Kaya’s current communication skills

Kaya pressing a switch

Figure 2 Kaya pressing a switch

Kaya is able to

  • communicate with intent through switches and body language such as lifting her hand.
  • intentionally press a switch to respond to a greeting, e.g. “hello” (figure 2).
  • lift her hand or press a switch to indicate that she wants more of an activity (figure 3).
Kaya lifts her hand towards "Ask for more" sign

Figure 3 Kaya lifts her hand towards “Ask for more” sign

The team, working in partnership, are using a combination of voice, sign language and picture cards to support Kaya in her learning.

Teaching and learning strategies and adaptations

We created opportunities for communication for Kaya by ensuring that all visitors came over to say hello to Kaya.

It was important that Kaya’s communication switch with the “hello” recording was placed where she could reach it easily. After saying hello we ensured that Kaya was given plenty of time to respond by pressing her switch and using eye contact.

We trialled a number of switches to ensure that any technology was easy for Kaya to use and ensured that the voice we recorded on the switch was of a girl of the same age as Kaya. The 10 second YouTube video below shows Kaya activating a red switch which speaks “hello”.

Video 1 Kaya pressing a switch to say hello

We modelled pressing the switch and asking for “more” for Kaya by holding the switch up where she could see it and then pressing it so that Kaya could hear the “hello” response or by lifting our hands to model “I want more.”

We then waited, to give Kaya TIME to respond independently as in video 1.

Picture card of sign for more

Figure 5 picture card of the sign for more

We used prompts such as voice, sign language and clear pictorial representations in red and yellow as in figure 5. We used red and yellow pictures following a series of observations to assess which colours Kaya responded to more consistently.

Kaya is now beginning to communicate without the support of prompts and is using her voice to say “hello.”

Where to next?

  • Continue to give Kaya the opportunity to communicate throughout the day.
  • Give Kaya the time to respond independently and to make choices. 
  • Encourage Kaya to use her voice to say “hello” and to request “more” through modelling, prompting and praising Kaya’s responses.

Personal reflection

Using a model such as the CAMP model and working together with the team in the planning sessions ensured that the learning goals and strategies for Kaya were consistent.
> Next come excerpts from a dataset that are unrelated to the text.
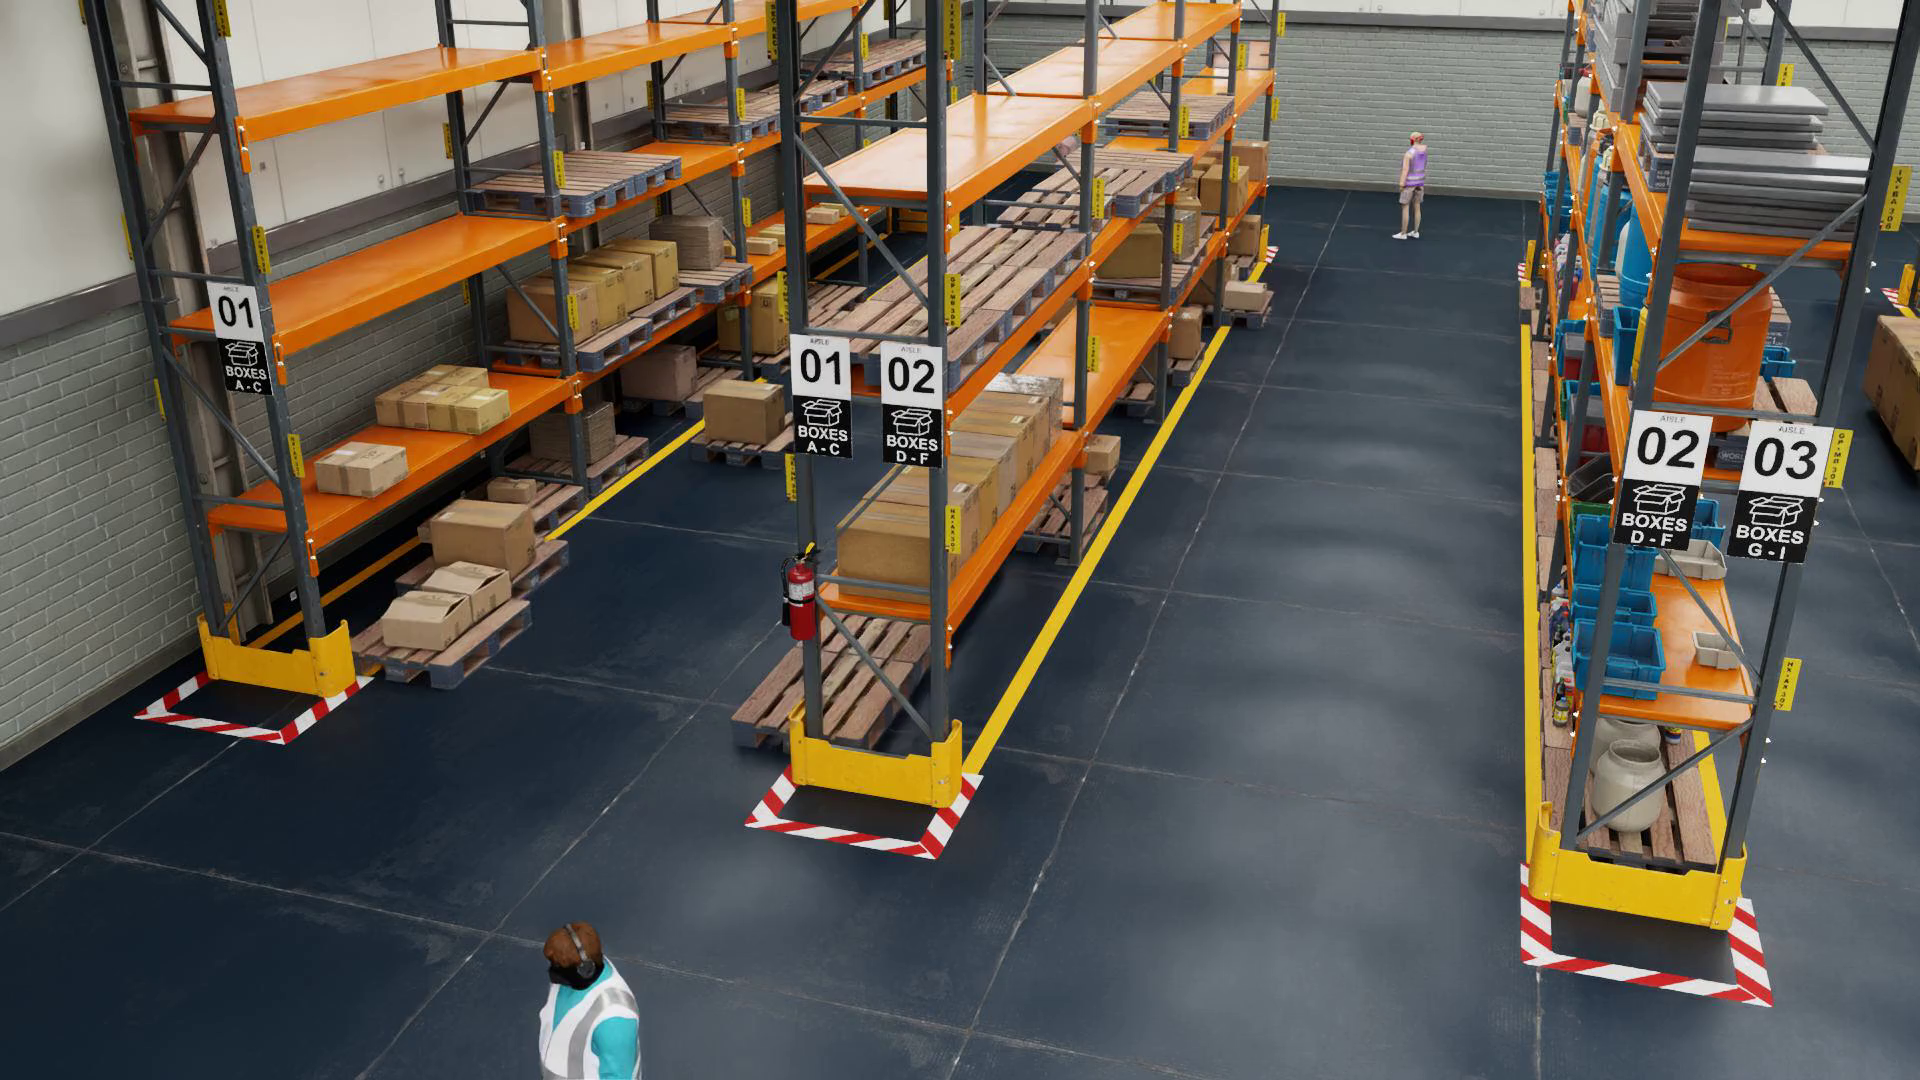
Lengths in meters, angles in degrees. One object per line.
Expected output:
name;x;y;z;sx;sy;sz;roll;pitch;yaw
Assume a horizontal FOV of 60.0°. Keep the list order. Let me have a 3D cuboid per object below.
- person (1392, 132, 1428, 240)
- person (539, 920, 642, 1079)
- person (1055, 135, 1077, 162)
person;7.181;-5.620;26.414;0.489;1.687;0.347;-12;26;-26
person;-1.641;2.479;7.450;0.429;1.834;0.649;-14;27;-30
person;1.712;-5.922;26.970;0.333;1.802;0.526;9;25;20
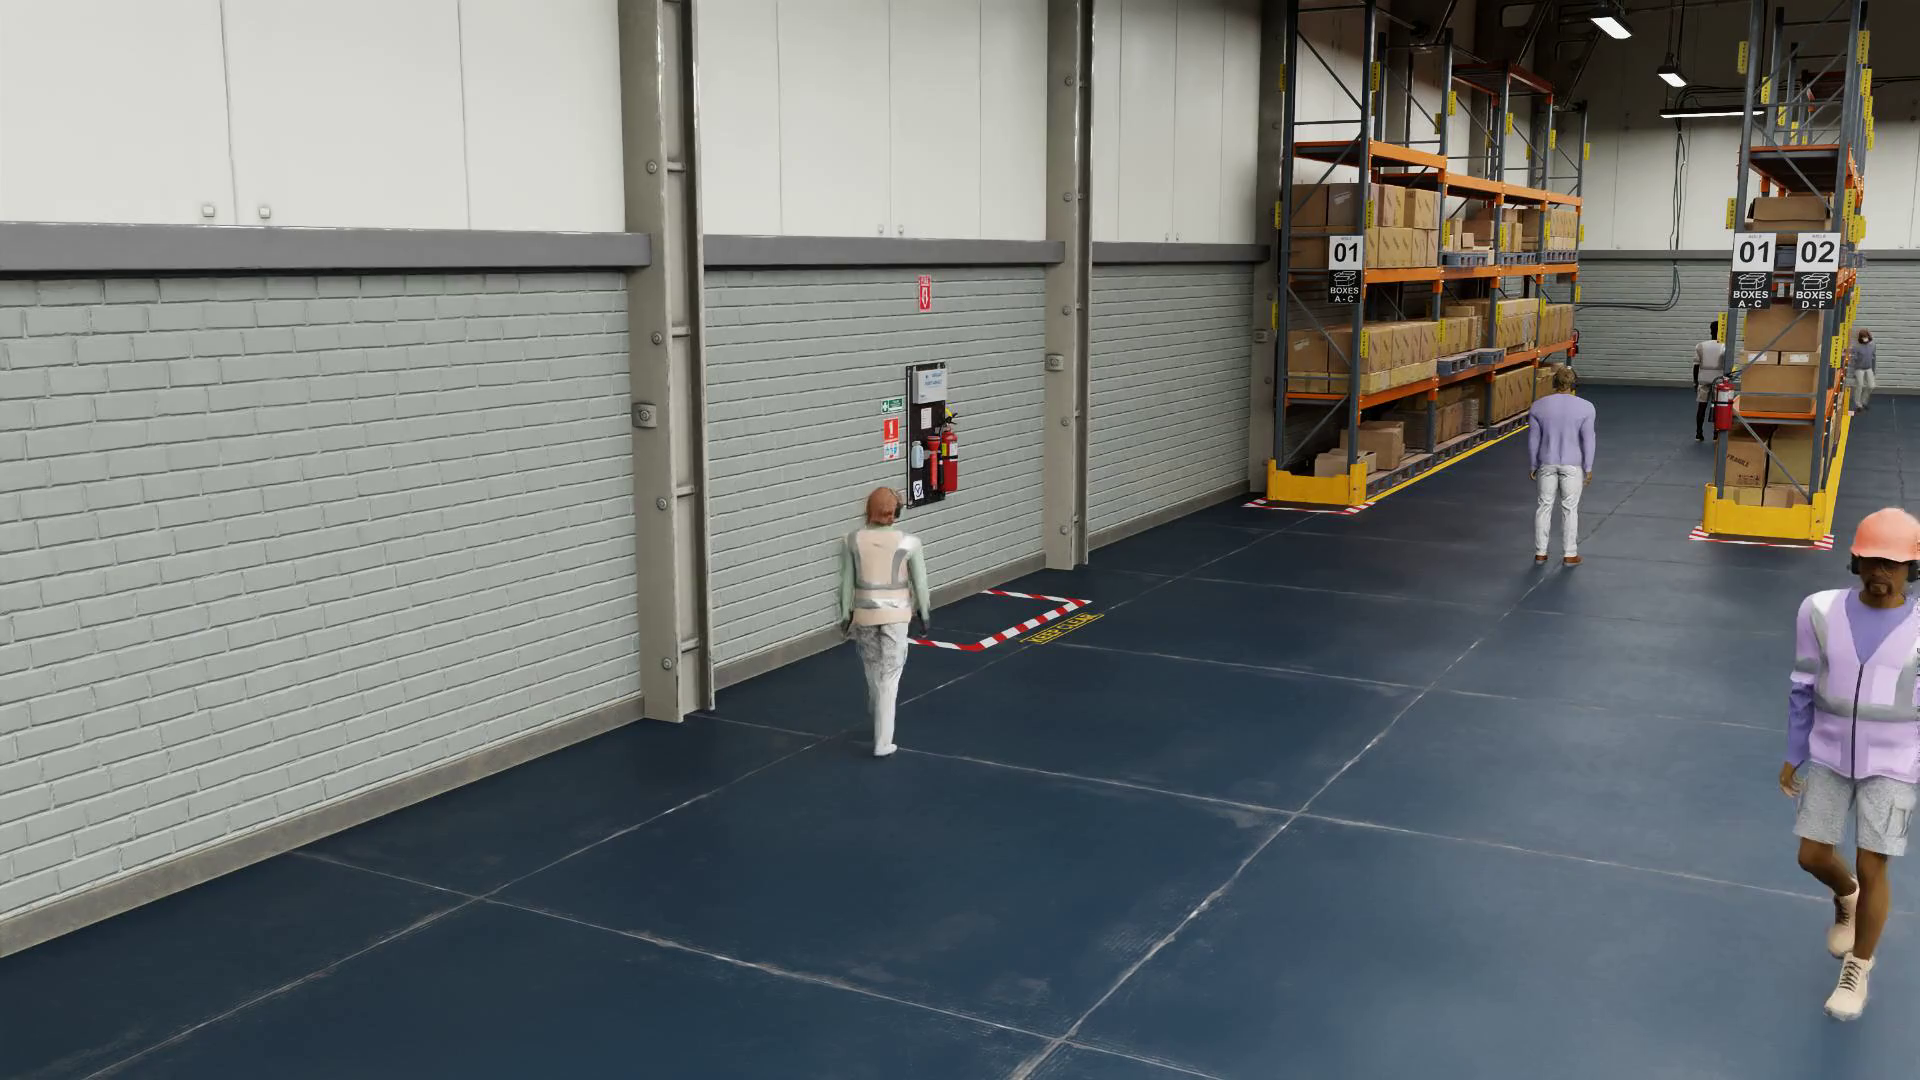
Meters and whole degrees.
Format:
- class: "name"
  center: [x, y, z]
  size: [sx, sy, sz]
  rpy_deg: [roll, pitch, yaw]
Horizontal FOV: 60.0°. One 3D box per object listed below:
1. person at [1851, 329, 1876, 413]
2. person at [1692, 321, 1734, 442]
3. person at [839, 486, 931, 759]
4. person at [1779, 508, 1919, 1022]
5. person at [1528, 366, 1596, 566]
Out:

Members of the team attended the initial CAMP training workshops and then participated in follow up sessions linked specifically to Kaya with the support of Talklink.

  • Access to equipment and support from Talklink was invaluable.
  • It was very important that Kaya was given the opportunity to communicate intentionally throughout her day.
  • Building on what Kaya could already do in small steps assisted Kaya to make  progress in her ability to respond to others and make requests independently and intentionally.